Chapter 8 described how the parameters are estimated for plain continuous density HMMs within HTK, primarily using the embedded training tool HEREST. Using the training strategy depicted in figure 8.2, together with other techniques can produce high performance speaker independent acoustic models for a large vocabulary recognition system. However it is possible to build improved acoustic models by tailoring a model set to a specific speaker. By collecting data from a speaker and training a model set on this speaker's data alone, the speaker's characteristics can be modelled more accurately. Such systems are commonly known as speaker dependent systems, and on a typical word recognition task, may have half the errors of a speaker independent system. The drawback of speaker dependent systems is that a large amount of data (typically hours) must be collected in order to obtain sufficient model accuracy.
Rather than training speaker dependent models, adaptation techniques can be applied. In this case, by using only a small amount of data from a new speaker, a good speaker independent system model set can be adapted to better fit the characteristics of this new speaker.
Speaker adaptation techniques can be used in various different modes. If the true transcription of the adaptation data is known then it is termed supervised adaptation, whereas if the adaptation data is unlabelled then it is termed unsupervised adaptation. In the case where all the adaptation data is available in one block, e.g. from a speaker enrollment session, then this termed static adaptation. Alternatively adaptation can proceed incrementally as adaptation data becomes available, and this is termed incremental adaptation.
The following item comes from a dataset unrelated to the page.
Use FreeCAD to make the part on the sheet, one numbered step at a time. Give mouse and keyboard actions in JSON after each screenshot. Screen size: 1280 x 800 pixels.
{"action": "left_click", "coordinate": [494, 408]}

HTK provides two tools to adapt continuous density HMMs. HEREST performs offline supervised adaptation using various forms of linear transformation and/or maximum a-posteriori (MAP) adaptation, while unsupervised adaptation is supported by HVITE (using only linear transformations). In this case HVITE not only performs recognition, but simultaneously adapts the model set as the data becomes available through recognition. Currently, linear transformation adaptation can be applied in both incremental and static modes while MAP supports only static adaptation.
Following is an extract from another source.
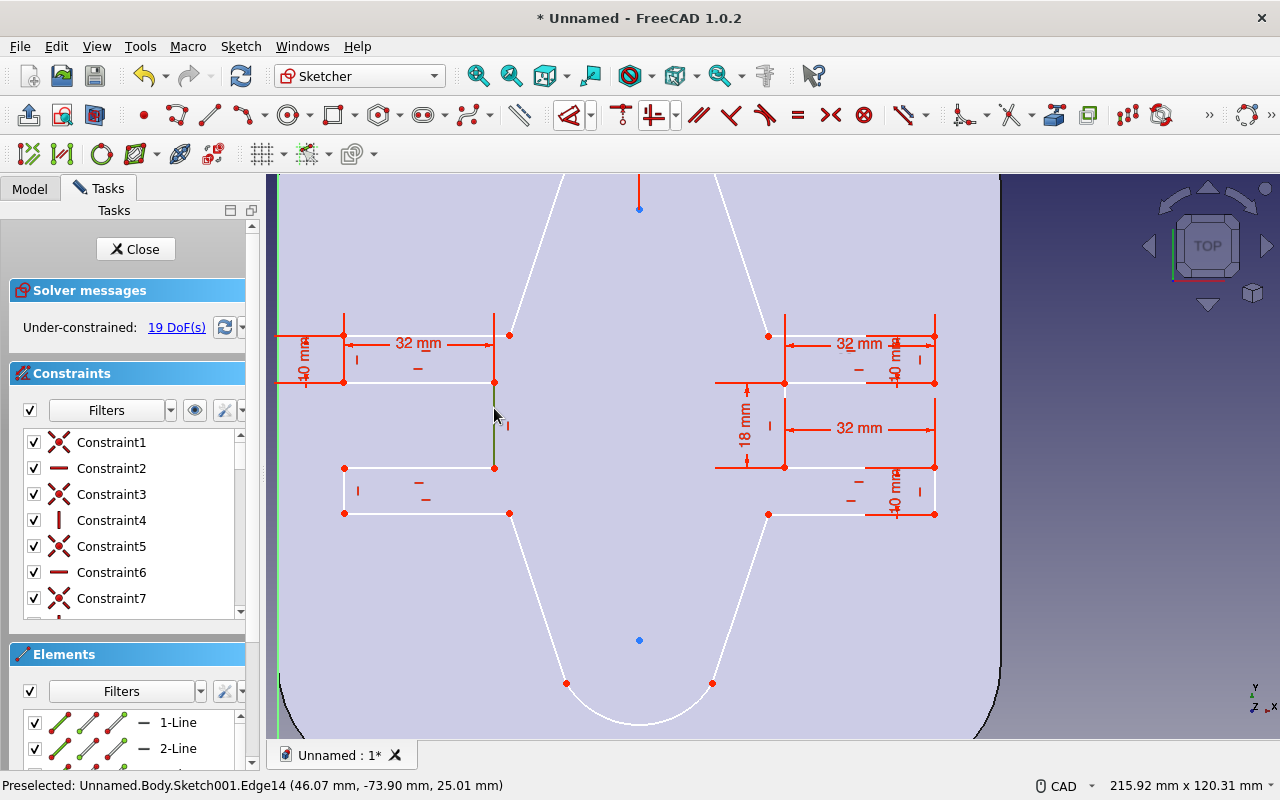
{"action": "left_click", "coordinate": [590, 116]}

This chapter describes the operation of supervised adaptation with the HEREST tools. The first sections of the chapter give an overview of linear transformation schemes and MAP adaptation and this is followed by a section describing the general usages of HEREST to build simple and more complex adapted systems. The chapter concludes with a section detailing the various formulae used by the adaptation tool. The use of HVITE to perform unsupervised adaptation is described in the RM Demo.